**Work to complete:**
The line containing "#18 car (1022,496,1053,517)" marks the end: restate word for word every line from the first line of the entries below through that one.

**Records from a data collection:**
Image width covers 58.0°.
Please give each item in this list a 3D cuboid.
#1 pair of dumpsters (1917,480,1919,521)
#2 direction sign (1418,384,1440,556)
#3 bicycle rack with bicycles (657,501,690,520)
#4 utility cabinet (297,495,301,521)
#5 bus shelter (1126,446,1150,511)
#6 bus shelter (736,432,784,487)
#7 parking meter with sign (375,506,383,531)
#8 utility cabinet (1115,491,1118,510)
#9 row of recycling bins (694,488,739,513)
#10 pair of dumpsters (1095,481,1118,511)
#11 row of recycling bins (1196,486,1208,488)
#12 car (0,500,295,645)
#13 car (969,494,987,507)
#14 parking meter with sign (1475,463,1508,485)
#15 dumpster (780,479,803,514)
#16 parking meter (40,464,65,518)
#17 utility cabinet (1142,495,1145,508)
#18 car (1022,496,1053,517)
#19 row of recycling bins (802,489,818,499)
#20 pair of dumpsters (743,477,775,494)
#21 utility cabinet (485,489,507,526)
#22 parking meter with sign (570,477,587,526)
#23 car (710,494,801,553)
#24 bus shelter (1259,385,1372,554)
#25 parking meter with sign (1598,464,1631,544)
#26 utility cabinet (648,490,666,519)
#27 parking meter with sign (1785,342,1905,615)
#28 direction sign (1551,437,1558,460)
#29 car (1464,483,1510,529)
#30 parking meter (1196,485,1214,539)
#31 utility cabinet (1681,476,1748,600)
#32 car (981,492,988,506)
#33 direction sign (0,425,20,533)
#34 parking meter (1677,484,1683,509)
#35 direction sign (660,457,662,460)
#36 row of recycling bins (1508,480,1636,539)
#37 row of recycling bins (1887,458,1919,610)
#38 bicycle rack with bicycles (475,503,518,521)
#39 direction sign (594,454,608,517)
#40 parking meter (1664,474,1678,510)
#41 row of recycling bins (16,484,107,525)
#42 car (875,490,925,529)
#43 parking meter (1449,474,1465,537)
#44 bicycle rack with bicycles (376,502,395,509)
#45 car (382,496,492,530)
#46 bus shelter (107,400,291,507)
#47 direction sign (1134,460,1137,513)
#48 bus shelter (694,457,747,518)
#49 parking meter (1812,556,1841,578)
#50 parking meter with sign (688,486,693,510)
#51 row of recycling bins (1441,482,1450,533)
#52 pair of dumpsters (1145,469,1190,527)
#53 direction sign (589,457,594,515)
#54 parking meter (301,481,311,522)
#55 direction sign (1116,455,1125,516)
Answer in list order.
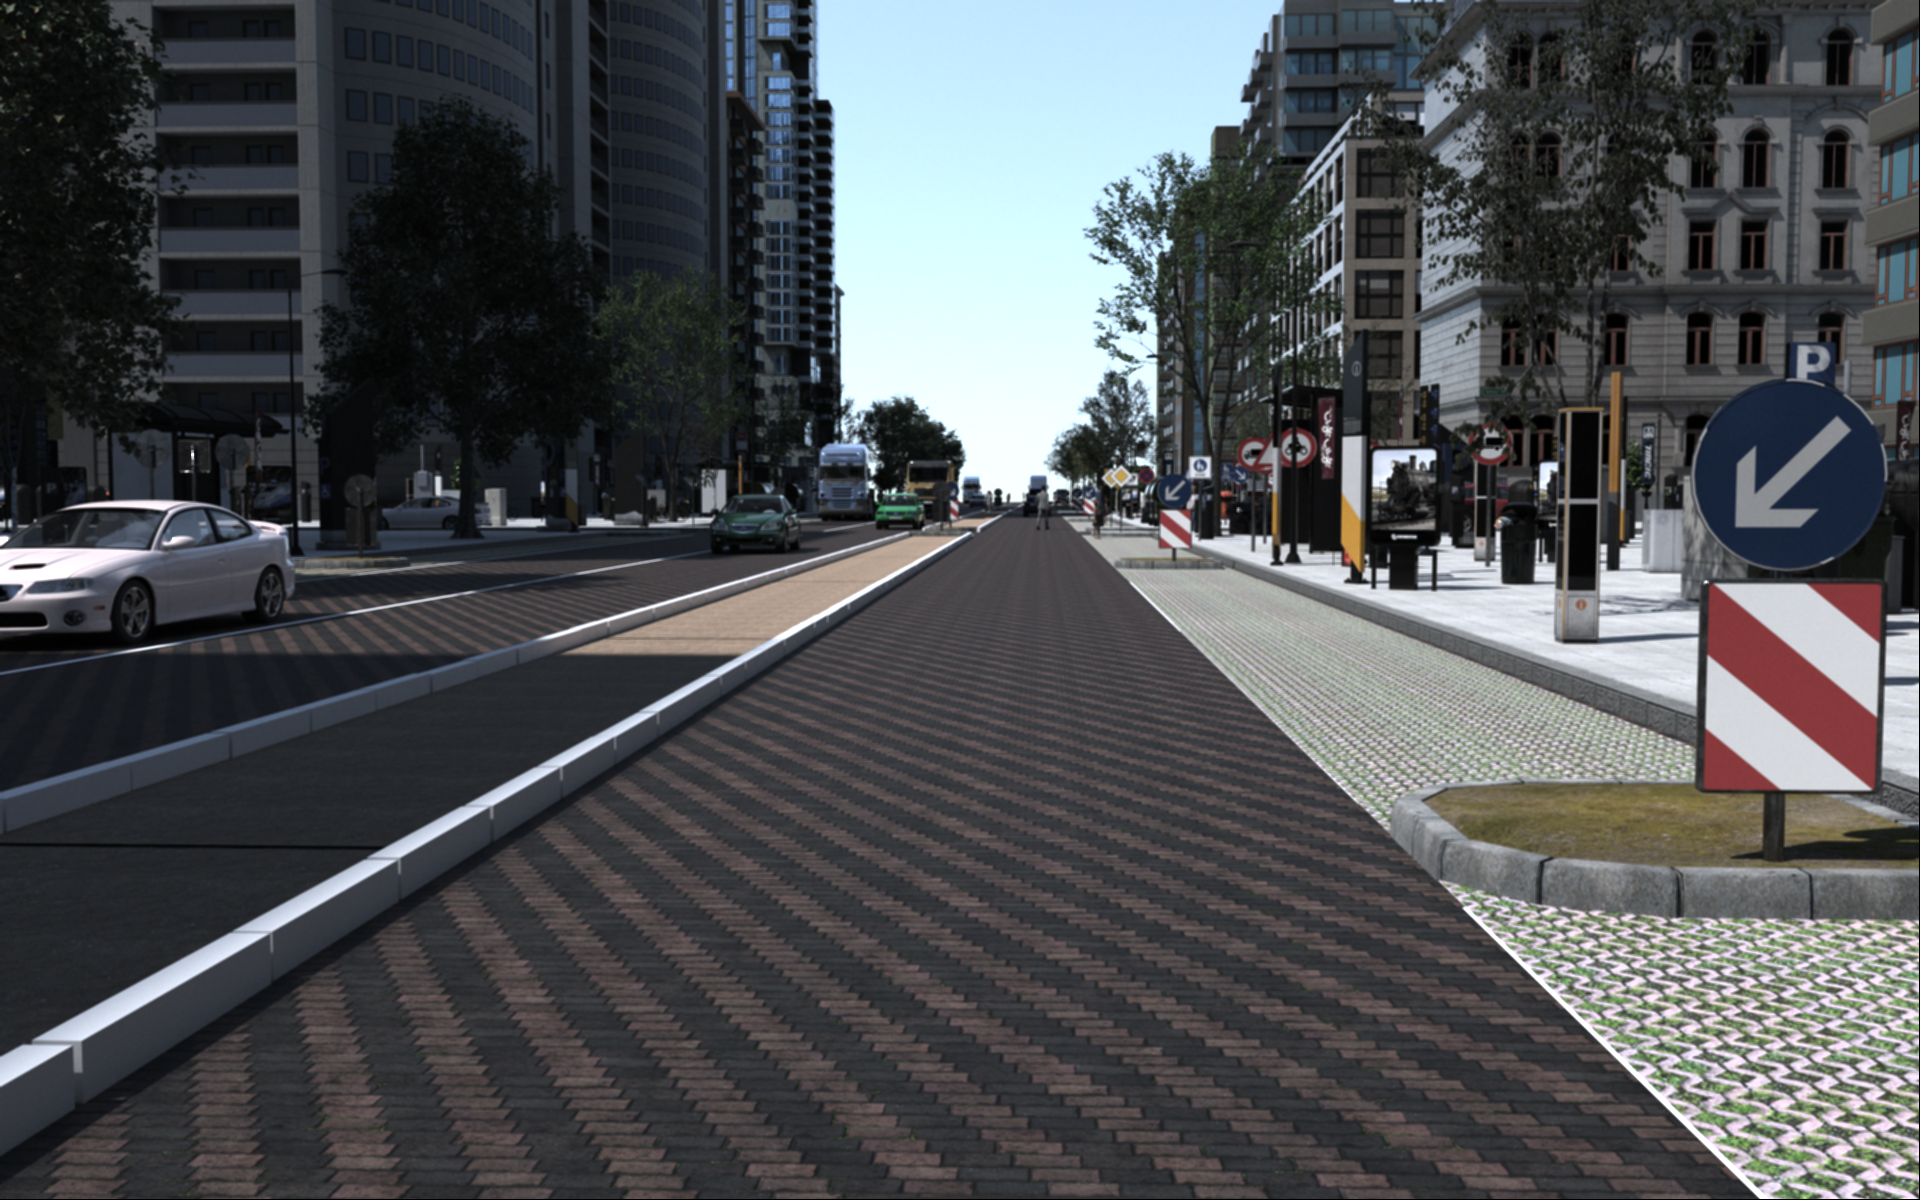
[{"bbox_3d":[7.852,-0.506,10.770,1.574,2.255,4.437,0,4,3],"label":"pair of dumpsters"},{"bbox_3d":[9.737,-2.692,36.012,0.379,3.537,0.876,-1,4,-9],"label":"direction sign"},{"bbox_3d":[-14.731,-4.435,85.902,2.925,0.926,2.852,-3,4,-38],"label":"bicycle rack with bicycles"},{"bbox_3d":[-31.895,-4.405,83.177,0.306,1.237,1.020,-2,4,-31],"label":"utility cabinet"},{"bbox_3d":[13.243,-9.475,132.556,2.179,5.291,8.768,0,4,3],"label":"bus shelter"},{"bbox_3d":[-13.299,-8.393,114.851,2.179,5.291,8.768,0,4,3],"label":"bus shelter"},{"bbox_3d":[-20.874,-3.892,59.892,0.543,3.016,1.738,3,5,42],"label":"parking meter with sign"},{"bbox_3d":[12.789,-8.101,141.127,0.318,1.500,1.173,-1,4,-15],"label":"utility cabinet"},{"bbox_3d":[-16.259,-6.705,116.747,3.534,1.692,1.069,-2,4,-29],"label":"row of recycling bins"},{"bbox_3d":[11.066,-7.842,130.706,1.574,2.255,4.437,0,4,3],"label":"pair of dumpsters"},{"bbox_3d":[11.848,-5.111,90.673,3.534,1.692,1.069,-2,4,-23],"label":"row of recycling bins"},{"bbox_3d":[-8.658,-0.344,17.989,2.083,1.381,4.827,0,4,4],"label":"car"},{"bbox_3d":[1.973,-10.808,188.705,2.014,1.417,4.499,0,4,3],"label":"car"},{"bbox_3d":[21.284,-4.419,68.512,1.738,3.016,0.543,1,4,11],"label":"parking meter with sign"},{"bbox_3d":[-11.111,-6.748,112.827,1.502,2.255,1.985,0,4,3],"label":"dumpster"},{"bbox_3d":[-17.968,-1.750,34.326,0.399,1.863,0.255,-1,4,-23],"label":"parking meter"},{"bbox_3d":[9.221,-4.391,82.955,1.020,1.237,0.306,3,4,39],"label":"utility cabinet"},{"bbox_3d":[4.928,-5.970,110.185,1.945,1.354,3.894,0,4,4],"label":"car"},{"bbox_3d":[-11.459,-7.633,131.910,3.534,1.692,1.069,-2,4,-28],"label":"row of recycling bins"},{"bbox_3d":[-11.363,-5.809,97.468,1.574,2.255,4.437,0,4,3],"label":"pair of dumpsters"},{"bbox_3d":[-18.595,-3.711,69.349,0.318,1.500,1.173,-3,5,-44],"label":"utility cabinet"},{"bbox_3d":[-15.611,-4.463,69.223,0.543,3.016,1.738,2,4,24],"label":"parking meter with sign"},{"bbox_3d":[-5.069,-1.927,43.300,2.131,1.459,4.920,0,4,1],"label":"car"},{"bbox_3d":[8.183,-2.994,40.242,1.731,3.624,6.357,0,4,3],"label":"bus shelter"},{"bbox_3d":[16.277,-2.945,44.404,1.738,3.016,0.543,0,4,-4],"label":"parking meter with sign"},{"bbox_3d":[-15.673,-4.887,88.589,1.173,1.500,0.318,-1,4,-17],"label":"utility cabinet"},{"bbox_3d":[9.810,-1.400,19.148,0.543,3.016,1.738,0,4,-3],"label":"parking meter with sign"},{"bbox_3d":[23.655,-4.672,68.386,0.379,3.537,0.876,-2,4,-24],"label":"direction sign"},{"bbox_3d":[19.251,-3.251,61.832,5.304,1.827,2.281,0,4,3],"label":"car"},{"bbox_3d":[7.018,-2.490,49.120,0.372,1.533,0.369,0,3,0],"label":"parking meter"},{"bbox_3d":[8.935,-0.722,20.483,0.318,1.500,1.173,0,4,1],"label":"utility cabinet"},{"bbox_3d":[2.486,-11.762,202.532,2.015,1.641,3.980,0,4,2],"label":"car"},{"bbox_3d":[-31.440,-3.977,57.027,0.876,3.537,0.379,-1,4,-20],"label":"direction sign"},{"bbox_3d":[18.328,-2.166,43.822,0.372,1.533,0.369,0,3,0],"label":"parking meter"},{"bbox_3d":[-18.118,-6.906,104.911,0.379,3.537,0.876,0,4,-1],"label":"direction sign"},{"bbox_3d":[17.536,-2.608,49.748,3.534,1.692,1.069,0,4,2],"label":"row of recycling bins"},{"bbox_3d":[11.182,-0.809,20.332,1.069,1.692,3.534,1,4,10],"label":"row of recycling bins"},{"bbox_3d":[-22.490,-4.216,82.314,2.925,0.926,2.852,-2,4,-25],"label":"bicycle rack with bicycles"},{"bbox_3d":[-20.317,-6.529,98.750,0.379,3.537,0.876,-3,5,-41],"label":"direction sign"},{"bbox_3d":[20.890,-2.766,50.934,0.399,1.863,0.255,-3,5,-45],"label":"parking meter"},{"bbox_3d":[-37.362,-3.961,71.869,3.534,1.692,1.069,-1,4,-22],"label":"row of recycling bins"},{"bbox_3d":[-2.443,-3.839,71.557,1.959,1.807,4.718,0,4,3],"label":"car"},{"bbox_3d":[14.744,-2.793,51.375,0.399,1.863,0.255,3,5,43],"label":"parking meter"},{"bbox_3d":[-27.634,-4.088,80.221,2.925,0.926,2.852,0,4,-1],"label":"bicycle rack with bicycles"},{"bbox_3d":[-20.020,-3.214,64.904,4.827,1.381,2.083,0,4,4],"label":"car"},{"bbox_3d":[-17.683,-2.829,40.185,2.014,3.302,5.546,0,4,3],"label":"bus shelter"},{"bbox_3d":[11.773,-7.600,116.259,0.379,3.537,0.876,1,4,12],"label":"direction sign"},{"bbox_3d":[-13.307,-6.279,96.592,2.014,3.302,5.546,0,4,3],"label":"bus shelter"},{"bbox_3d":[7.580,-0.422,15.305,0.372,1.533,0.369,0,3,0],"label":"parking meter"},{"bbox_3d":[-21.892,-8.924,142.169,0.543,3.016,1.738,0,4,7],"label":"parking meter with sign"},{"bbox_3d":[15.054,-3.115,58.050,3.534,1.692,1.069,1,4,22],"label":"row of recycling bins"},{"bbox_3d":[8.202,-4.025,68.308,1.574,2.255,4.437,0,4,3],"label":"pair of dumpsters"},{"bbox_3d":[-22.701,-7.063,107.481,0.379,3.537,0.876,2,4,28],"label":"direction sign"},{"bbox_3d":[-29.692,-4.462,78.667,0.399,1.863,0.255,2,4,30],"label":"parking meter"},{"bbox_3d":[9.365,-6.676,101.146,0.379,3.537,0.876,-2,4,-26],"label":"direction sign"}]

**Output for this exercise:**
Image width covers 58.0°.
Please give each item in this list a 3D cuboid.
#1 pair of dumpsters (1917,480,1919,521)
#2 direction sign (1418,384,1440,556)
#3 bicycle rack with bicycles (657,501,690,520)
#4 utility cabinet (297,495,301,521)
#5 bus shelter (1126,446,1150,511)
#6 bus shelter (736,432,784,487)
#7 parking meter with sign (375,506,383,531)
#8 utility cabinet (1115,491,1118,510)
#9 row of recycling bins (694,488,739,513)
#10 pair of dumpsters (1095,481,1118,511)
#11 row of recycling bins (1196,486,1208,488)
#12 car (0,500,295,645)
#13 car (969,494,987,507)
#14 parking meter with sign (1475,463,1508,485)
#15 dumpster (780,479,803,514)
#16 parking meter (40,464,65,518)
#17 utility cabinet (1142,495,1145,508)
#18 car (1022,496,1053,517)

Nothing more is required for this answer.